Welch is flattered: "I'm a massive fan. But honestly I don't think we sing alike, and our themes are different. I guess maybe it's the dancing," she says, referring to her penchant for losing herself in ecstatic motion on stage.

Instead, she points to the commanding and more typically aggressive PJ Harvey as an influence. "I saw her perform all by herself," Welch says. "And it was the most mesmerizing thing. So vulnerable at some points, and so powerful. It's really an intoxicating combination."

Lungs has been out in the United Kingdom since July, so Welch has already started writing the follow-up. "I would say I'm trying to move away from the gothic horror of the first album," says the singer, daughter of an English adman and an American Renaissance scholar. Lungs, she says, "is quite bodily fixated, anatomically and animally. I'd like the next one to be less entrenched in darkness. I guess I've always been interested in expressing a feeling, but not putting it in so many words, and trying to turn it into something else."

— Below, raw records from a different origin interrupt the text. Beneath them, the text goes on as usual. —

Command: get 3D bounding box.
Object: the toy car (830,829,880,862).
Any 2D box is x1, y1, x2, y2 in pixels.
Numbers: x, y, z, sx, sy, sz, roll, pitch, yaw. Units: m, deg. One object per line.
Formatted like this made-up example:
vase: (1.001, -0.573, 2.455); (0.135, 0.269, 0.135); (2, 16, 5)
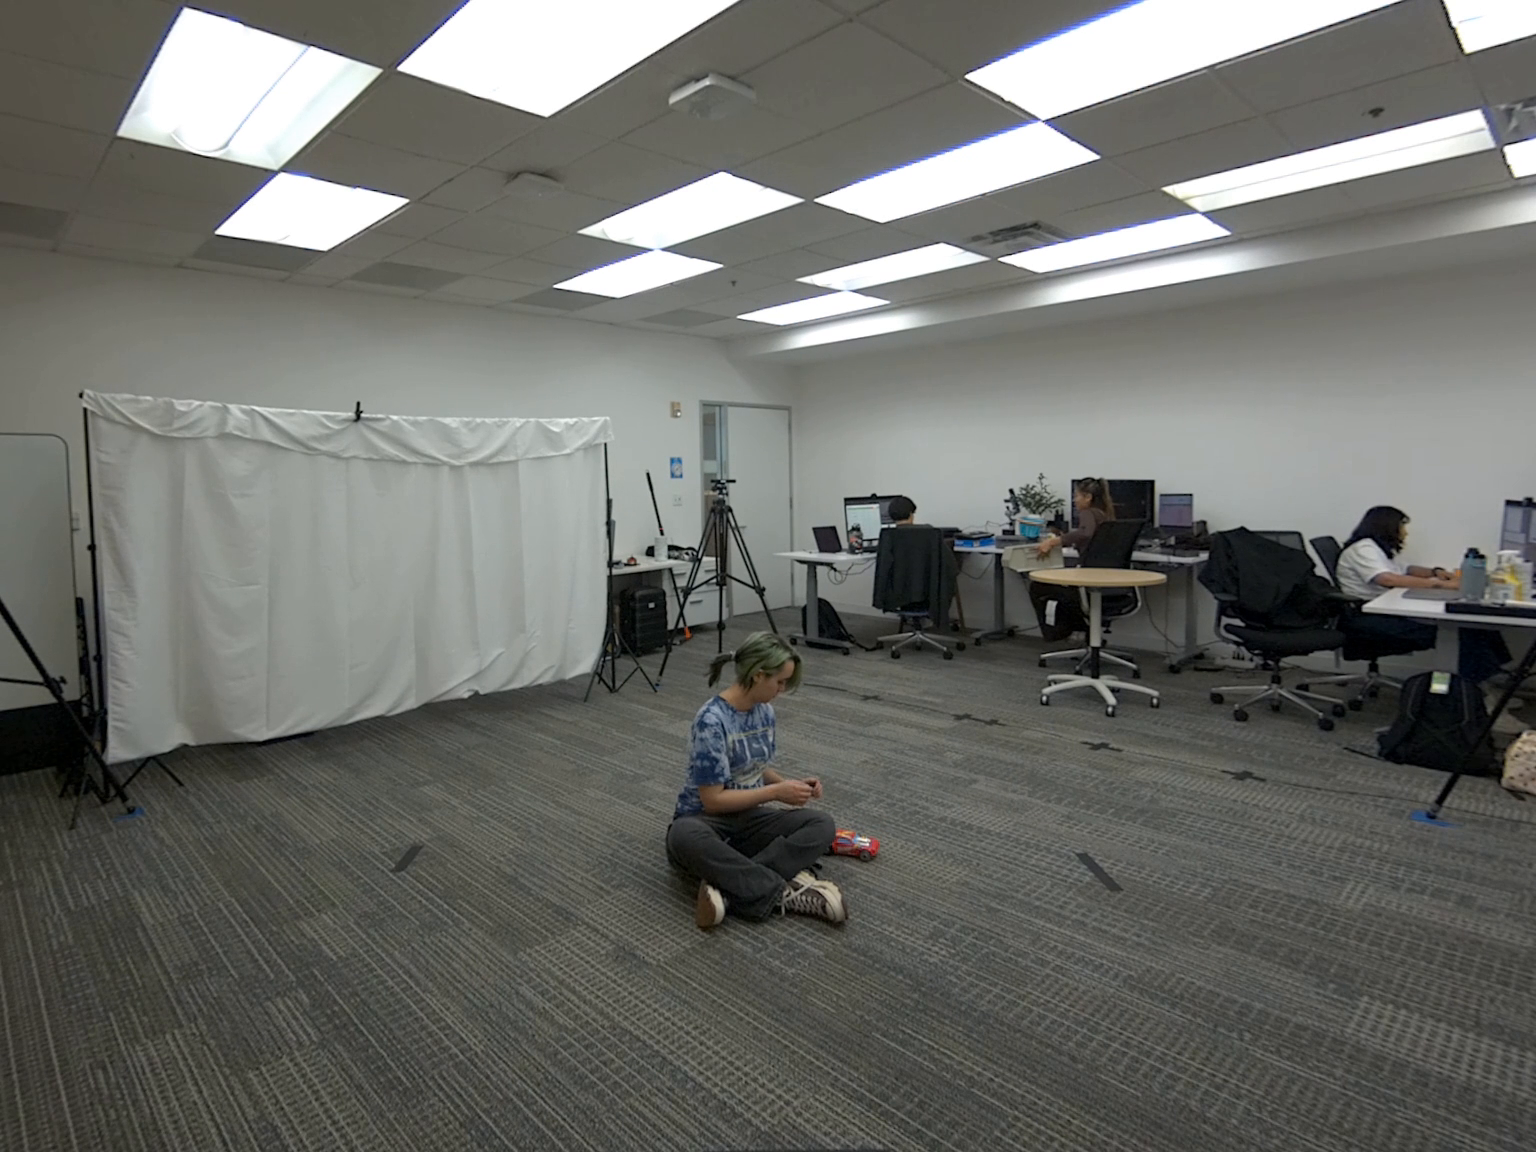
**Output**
toy car: (0.282, 0.992, 3.194); (0.261, 0.082, 0.128); (13, 10, 22)

Welch has been writing new songs for a follow-up album with (also redheaded) bandmate Isabella Summers and her producer, Paul Epworth. "We've been writing on the road," says Welch, "so we're recording in hotel rooms and backstage, using cheap equipment." Before going back into the studio, "I'm trying to amass a really big body of work," she says.

One new song is called "Strangeness and Charm," after the names physicists give to the properties of certain quarks. "They're so small that you can't see them, but you know they exist because you can feel their effects. I thought that was a good metaphor for love, affection, that type of thing."

In the United Kingdom, Welch has become a household name rather suddenly. "It was a lot of hard work, though," says the singer, who kick-started her career when she followed her future manager into a public bathroom and sang Etta James' "Something's Gotta Hold on Me" for her. "We spent a lot of time playing the pubs and clubs. That's what I want to have happen here: To have people come out and see me play live. Because that's the best way to understand what the album is all about. That's when it all makes sense."